Cats&Dogs 96% accuracy is impressive but how to reach near 100%?
The fastai v1 library is amazing and with a few lines of codes you get excellent accuracy.
Classification works great for most cases but what if you cannot afford to misclassify an item? (there could be economic or legal consequences).
What could you do boost your model?
I thought that this could help but I would like your opinion on it.
- Find more examples of your most confused categories (will become overrepresented)
- Train another network to identify only one category (so we would have a single model to identify american_pit_bull_terrier, another for staffordshire_bull_terrier, …)
- May be train for waaay longer?
Would you have other ideas?
You’re always going to have to accept some level of risk (even with well-trained human classifiers). It’s worth knowing what risk you can accept.
Start with the fewest categories you can; when the prediction has probability below a certain threshold get it independently checked by a human. I’m not sure whether having one network per category would help, but I’d try to stick to a single network (easier to maintain, and often works well in practice).
You’ll want an exceptionally well labelled dataset; it’s worth getting each item labelled by a few people to check for consistency. You may want to train another network to identify ambiguous cases, that get validated by a human.
Make sure your validation (and ideally training) data comes from the same place your test data will. Otherwise you can get 100% in validation, but poor performance in practice.
Have a sufficiently large validation set to get a good read of the accuracy (e.g if you’ve only got 20 cases of a class in validation, a lucky guess will make a difference of 5%).
Adding more training data where the classifier performs poorly is a good idea to help differentiate them. This is going to generally be much more beneficial than training for longer, which will just fit to whatever information is in your training data.
I"m finding this to be the hardest part of deep learning as well.
I was training a classifer on fish or not fish as a test model with lots of data, and even if I get 98% plus on both validation, and training, if I randomly scrape the web for images Ive noticed that it continues to make mistakes on random things, despite adding more and more data. Half the time I am like why is it making this mistake.
Even for simple classifcations it seems you really need a lot of data? I dont know what the bound is though.
I"m trying to search for unique image transformations to artifically increase data, and I think I will need to try to learn to build new models? However I have a lot to learn and still playing around with transfer learning.
Training another model for ambigious cases sounds interesting. I will give that a try.
You can and should tailor loss functions (or action on interpretation of results) to the real life impact of false positives and false negatives. For instance, you are probably willing to accept a lot more false positives in order to reduce the level of false negatives in a medical condition classification so that a specialist can take a closer look.

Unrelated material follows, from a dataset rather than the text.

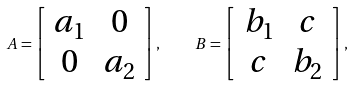<formula> <loc_0><loc_0><loc_500><loc_500>A = \left [ \begin{array} { c c } a _ { 1 } & 0 \\ 0 & a _ { 2 } \\ \end{array} \right ] , \quad B = \left [ \begin{array} { c c } b _ { 1 } & c \\ c & b _ { 2 } \\ \end{array} \right ] ,</formula> 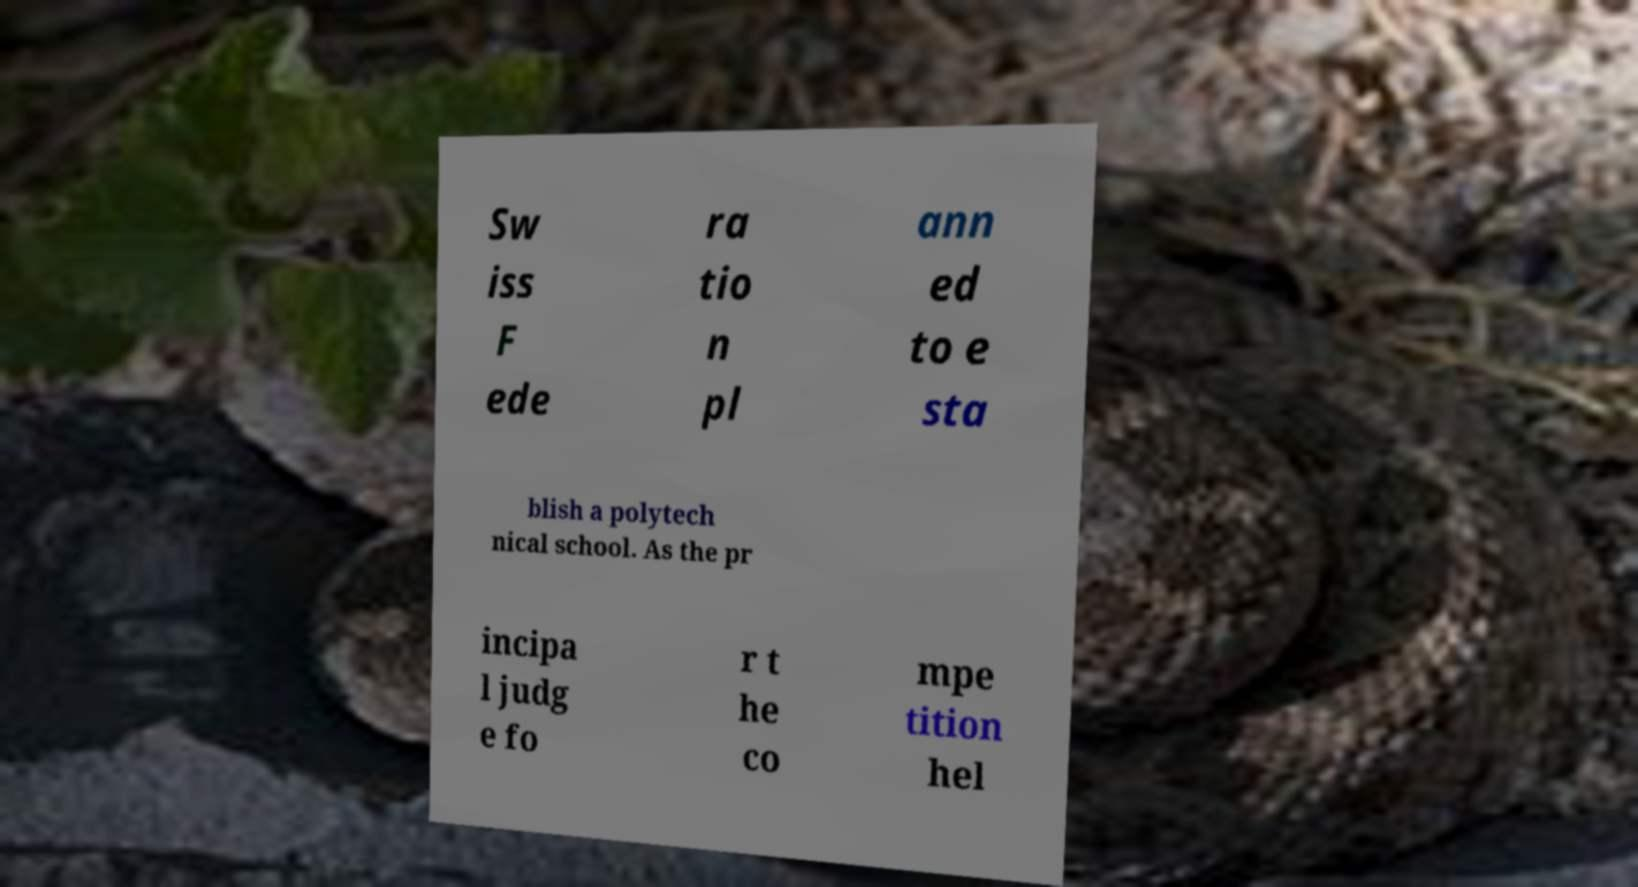Please identify and transcribe the text found in this image. Sw iss F ede ra tio n pl ann ed to e sta blish a polytech nical school. As the pr incipa l judg e fo r t he co mpe tition hel

Machine learning models are better thought of as ‘augmenting’ intelligent decisions rather than as a whole ‘artificial’ replacement. Classify and automate the (e.g. 90% of) ‘sure’ determinations, and funnel the remainder (e.g. 10%) through a more reliable process with constrained resource, such as human expert attention. In real life there often isn’t a short term goal of reaching 100% accurate classification.
If you want to improve yours cats/dogs example, the info is right there in the fastai lectures. Use augmentation, progressive training, intelligent consideration of hyperparameters, more training time, and possibly above all enough raw data. With all this, you should be able to reach human levels of classification.
For reference, I was able to get the cats and dogs to .008% error by using progressive resizing: Progessive resizing = got the pets data in lesson 1 to .008 error(!)
The only one it couldn’t get correct was the two bull terriers…which would likely require more data for those two, or maybe there simply isn’t enough distinguishing visual factors for them (recall Jeremy saying it seemed the only thing was one’s nose was more red or something).